The magical girls always fought in a group and relied on friendship to win battles. A common trope for magical girl stories is for the protagonist to have a group of sister-like friends who love her even when she's wrong and afraid and weak. When the world didn’t understand them, they understood each other. Their care wasn’t conditional or begrudging or malicious. They cared for each other because caring brought them closer, because dependence paved the road for trust and love. The more they knew about each other’s bodies and abilities, the greater their intimacy. The act and process of care was itself a joy because nurturing was rewarding in itself, not a chore.
When she was overwhelmed, she let her people contain her. She let containment be peace instead of imprisonment.

Of all the mangas I read, Sailor Moon stayed the longest with me, because she hated violence and fighting. Her justice insisted on healing. She broke down often from the burden of her knowledge and duty; she was openly (proudly) a coward but she kept going because there was no other way. She loved like she was compelled, like it wasn’t humiliating to be governed by your body, like it wasn’t disparaging to be limited.
You can imagine how it felt to watch a magical girl whirl into my own life, thrilled with mortality. Like the moon that hangs in the sky even when it doesn't catch the sun's light, she's here even when she's not. She doesn't need visibility to have presence. Mahsa loves keeping things alive. She thrives on coaxing the plant out of the soil, nurturing a stray into fatness, singing dough into a cake. She’s endlessly creative and generative. Where I absorb, where I slash away with my scythe, Mahsa clutters the world with life. She animates the earth, able to find its spirit with her own because she can reach out beyond borders.
(When I told her with tears in her eyes about how much she reminded of the magical girls that had held me together, she looked at me tenderly for a moment and then asked, ‘Are you exoticizing me?'
I flushed. ‘No, I would never do such—’
'I think it would be hot.'
I threw a pillow at her and howled about finding every astrology book in town and adding a note about the moon’s impishness. And then, of course, I kissed her).
She looks at things with not my mercurial nitpicking but with an acceptance. Before it’s recognized even itself, she has embraced its limits because she’s made peace with her own. When someone tells her to be burdened by humanity, she dismisses them. She’s excited about gently pushing against her limits instead of denying them, working with her body from a place of respect for its wisdom. I see it in her patience, her generous sense of time, in how she helps me dress on the days I’m too tired to. I see it in how she befriended everyone in the village and pulled me into the network, so now I have a rotating group of friends to go swimming with to relieve the ache in my legs.
Where I’m still wary because I’m new, she’s a placid lake — contained, unconcerned with the fear of humiliation and losing face, but aware of dignity.

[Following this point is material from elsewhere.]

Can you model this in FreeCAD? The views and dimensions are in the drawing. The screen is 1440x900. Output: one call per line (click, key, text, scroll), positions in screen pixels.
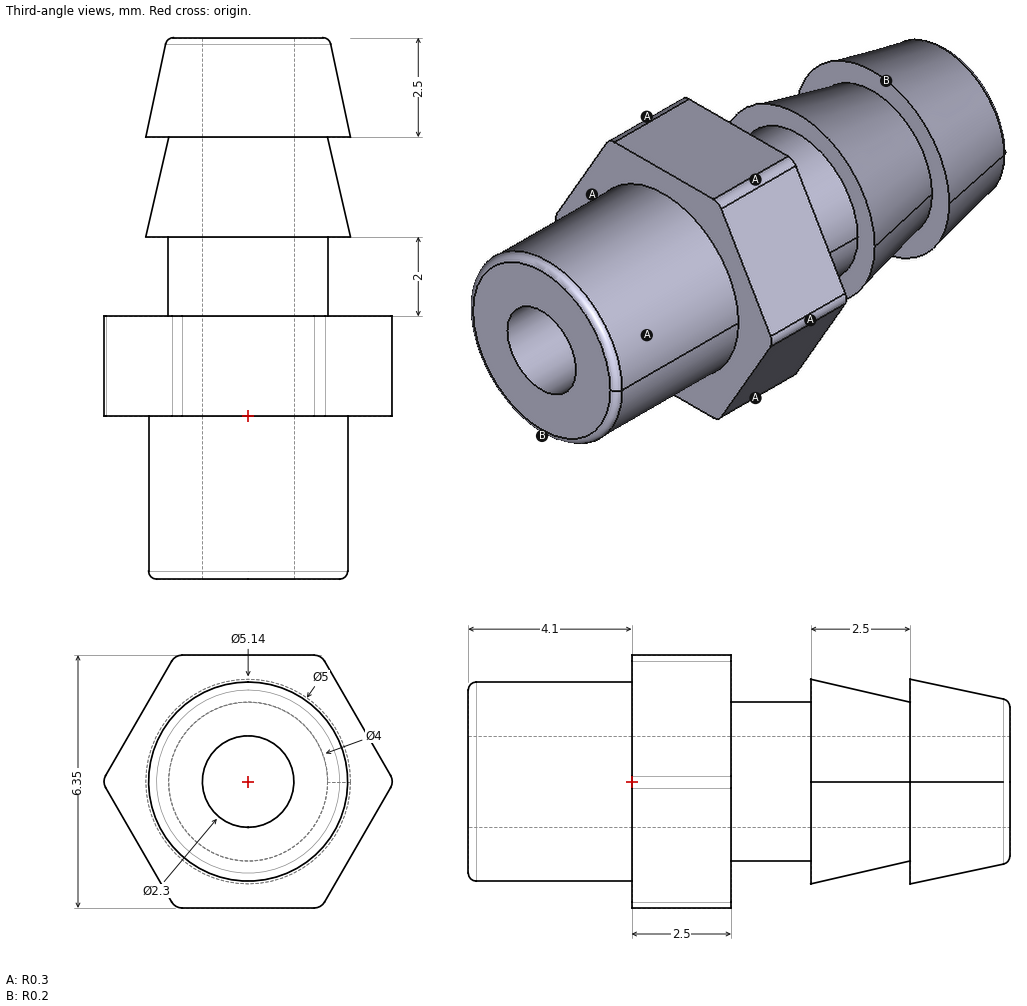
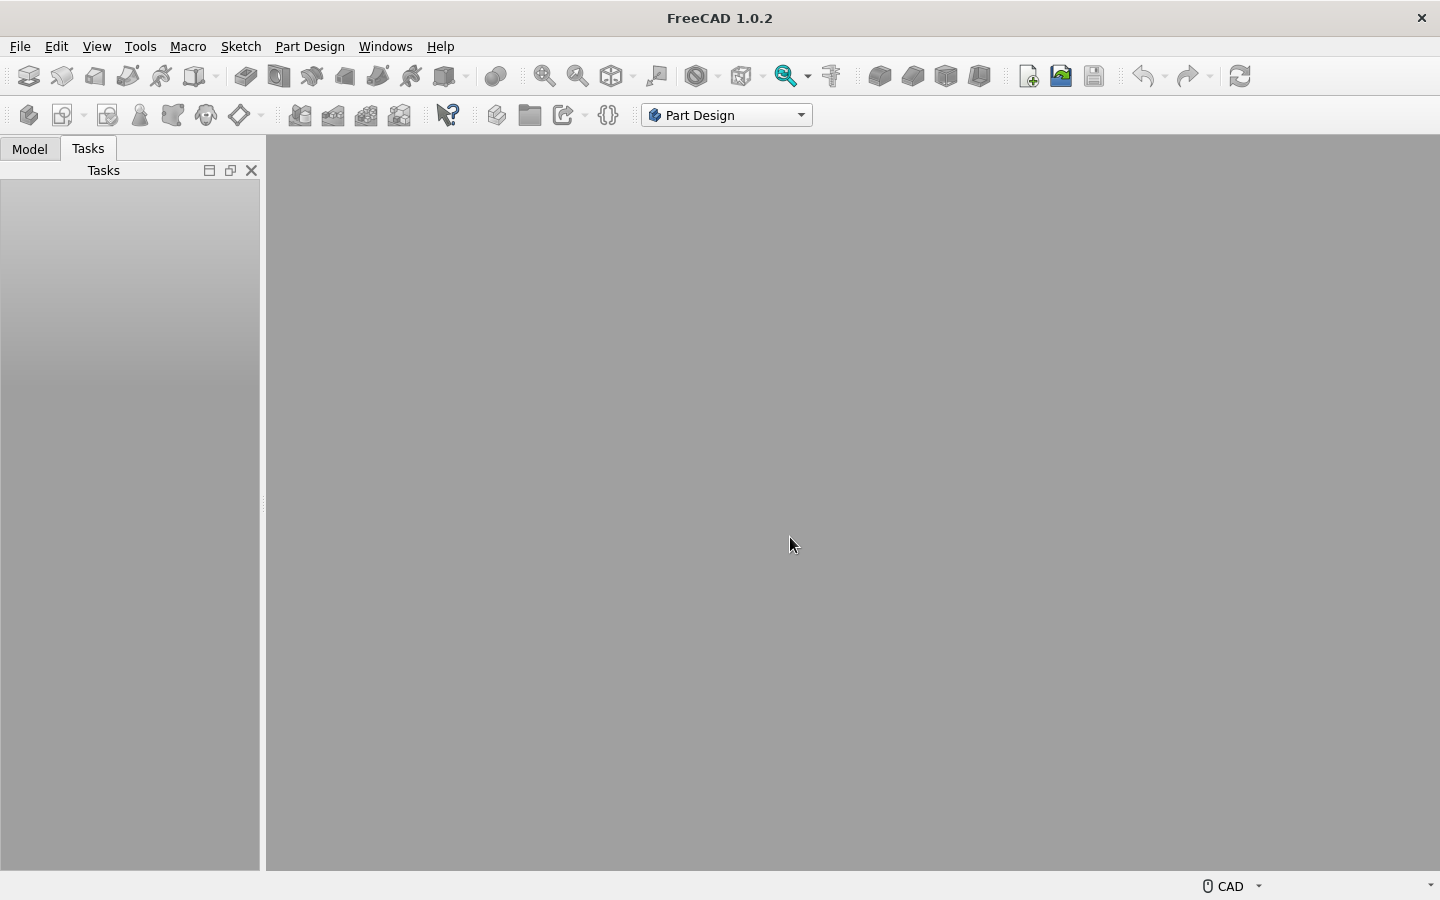
key(ctrl+n)

When someone irritates her, she is only frustrated, not furious, because she can separate her anger from a sense of control, able to express the ire without immediately wanting to fix the person or to boss her way into her comfort.
Every now and then, she'll start up from her task and come running into the forest to find me. Yesterday, it was her crowing, 'I know why Mars falls in Cancer!'. I almost startled off the bed in response. Breezily expecting it, she held out her arm and continued, 'A warrior (that’s Mars, by the way) who values their body will value the body of another too much to harm it. War requires the belief that he'll be immortal through his act of violence. He must believe it's okay to sacrifice his body and die because he'll live on in history. That's the Arian fire. But Cancer,' she continues, eyes shining, 'means a devotion to each other. There can be no room for harm when we're all connected. The suffering I cause you to protect myself will still be my suffering because we're bound together. Similar thing for Saturn; it's in detriment because Saturnian isolation and stoicism doesn't work when you need each other so much that your body betrays you and keens in its loneliness for others.'
Of course, I smiled and asked, 'Did you leave something on the stove to come tell me this?'
She was victorious when she announced, ‘Not this time!’ Then she confessed she’d already burned it and given up.
River feet, dreamwalker feet / Four of Cups — Moon, ruler of Cancer’s third decan:
What is this long journal entry/letter for? I guess it’s a treatise on everything new Mahsa has taught me about having a body. Saturn's detriment in Cancer teaches us how important a body is to being when we experience death. It's when someone you love passes away that you realize what a hole materiality leaves in its absence. I used to think love was about about praying someone you belong with dies before you so they never have to know the grief of a funeral. Mahsa cut me off. Her love is when both of you insisting on staying alive, knowing that the greatest revenge is to survive, that the greatest joy is love aliveness together.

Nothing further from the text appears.